Integrated engineering at distal site and active center regulates stereoselectivity and activity of carbonyl reductase towards N-Boc-pyrrolidone

Green and efficient biosynthesis of two enantiomeric products of N-Boc-pyrrolidinol (NPBL) as key pharmaceutical blocks for treatment of cancer and HIV has received much attention. The precursor, N-Boc-pyrrolidone (NPBO), is considered as a difficult-to-reduce ketone by carbonyl reductases, because it has a bulky Boc group and sterically similar substitutions on either side of the carbonyl group resulting in low stereoselectivity and conversion. Moreover, activity enhancement concomitant with reversal of stereoselectivity is challenging. Carbonyl reductase (CpCR) from Candida parapsilosis shows 90 %ee for (S)-NBPL, but low catalytic efficiency. In this study, we considered both activity and selectivity, and proposed an integrated engineering strategy. The distal site was introduced from an activity perspective and the active pocket sites were introduced by virtual saturation mutagenesis from a stereoselectivity perspective.
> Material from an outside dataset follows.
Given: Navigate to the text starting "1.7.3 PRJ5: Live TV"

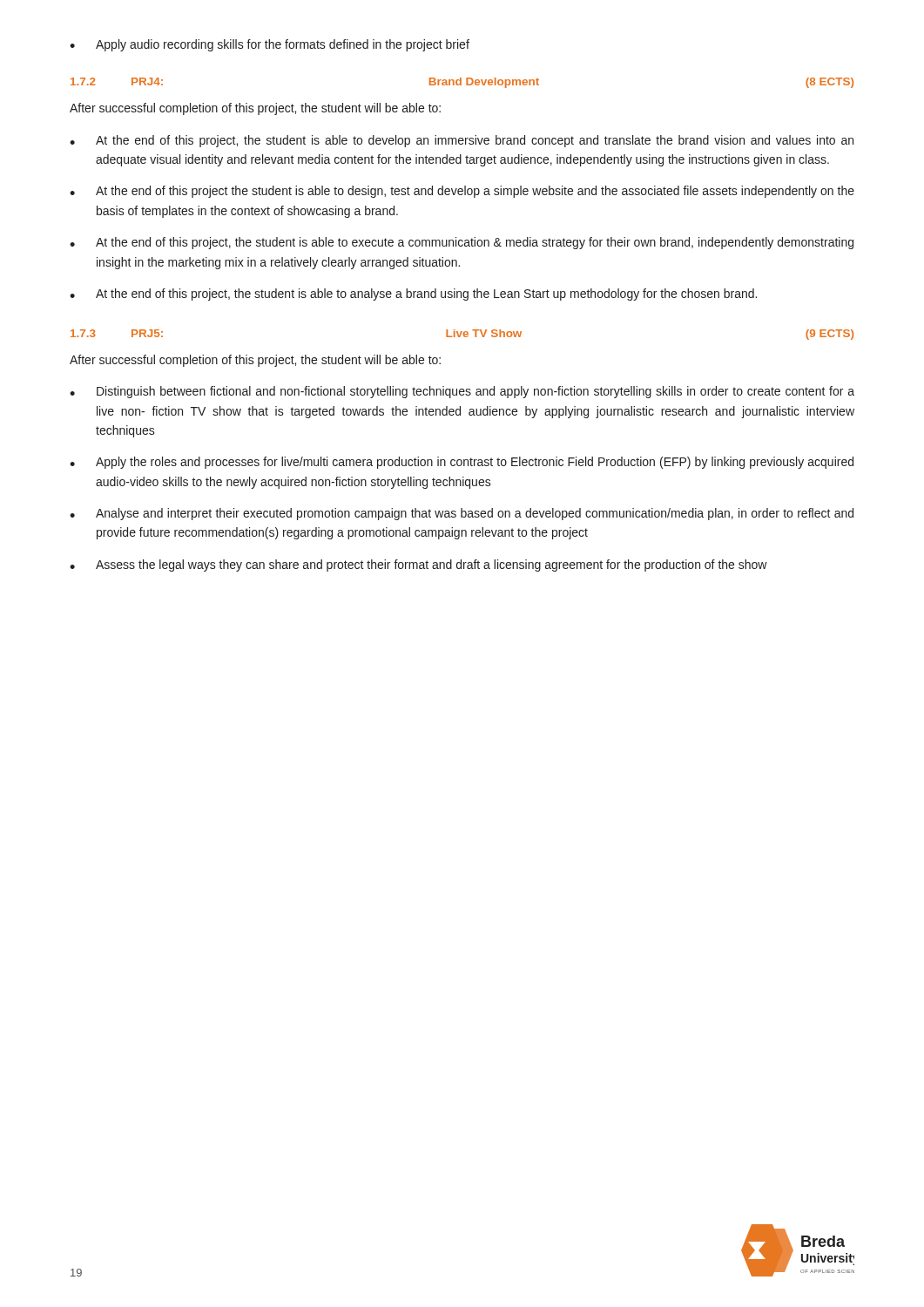Looking at the screenshot, I should (462, 333).

Mutants L34A/W116A (95 %ee (S)) and L34A/W116T/F285C/W286S (94 %ee (R)) were obtained with 26.8-fold and 2.9-fold higher catalytic efficiencies, respectively. Molecular dynamics simulations revealed the mechanism of stereoselective flip-flop and activity enhancement; mutation altered the substrate-binding mode and changed the shape and size of the cavities, thus contributing to the change in the ratio of active conformations in the pre-reactive state. This study, which differs from the traditional method of exchanging large and small pockets, provides a viable approach for the rational design of carbonyl reductases with high stereoselectivity for target substrates.